Diantara alasan pentingnya menjaga perut adalah menjaga diri dari api neraka. Sebagaimana dalam firman Allah SWT,
"Sesungguhnya orang-orang yang memakan
harta anak yatim secara zalim, sebenarnya mereka itu menelan api sepenuh
perutnya dan mereka akan masik ke dalam api yang menyala-nyala.”
“Ayat
ini memiliki kolerasi dengan mengonsumsi harta yang haram (dalam hal pengqiyasan).

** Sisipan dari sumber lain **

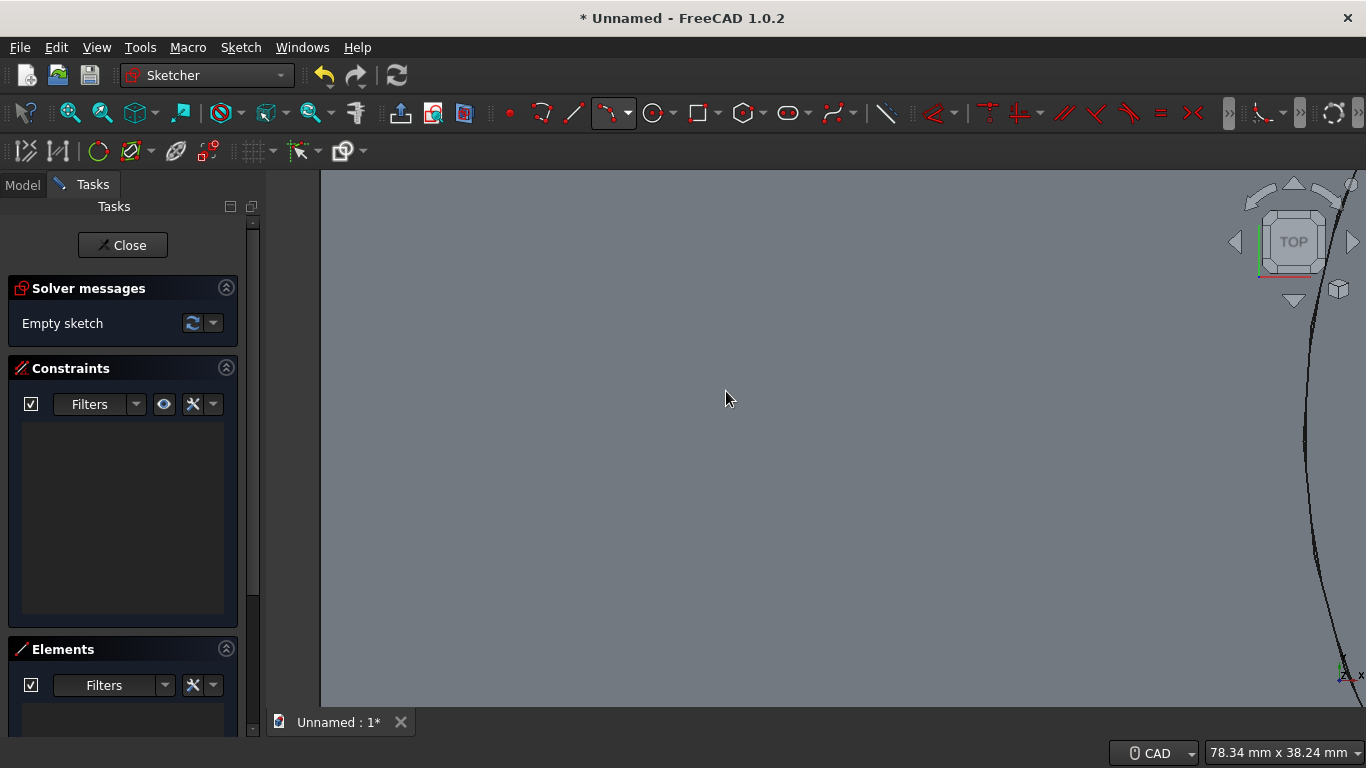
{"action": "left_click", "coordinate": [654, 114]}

Ia memiliki dua illat yang sama. Jika memakan harta anak yatim illatnya
mengambil harta tersebut dengan cara yang zalim. Maka harta yang haram illatnya
karena memakan sesuatu yang sudah jelas keharamannya, seperti anjing dan babi," jelas Gus Mahrus Iskandar.
“Jangan
meremehkan hal-hal yang masuk ke dalam tubuh, meski pun hal itu terlihat kecil
atau biasa-biasa saja. Karena, makanan yang dikonsumsi akan menjadi benih
akhlak. Jika konsumsi kita baik maka akan menghasilkan akhlak yang baik begitu
juga sebaliknya" pungkas beliau. (Robiah)
- Tulisan ini merupakan catatan ringkas Kajian Kitab Minhajul Abidin yang diampu oleh KH. Mahrus Iskandar, B.Sc (Khadimul Ma'had Asshiddiqiyah Jakarta) secara rutin tiap Senin malam.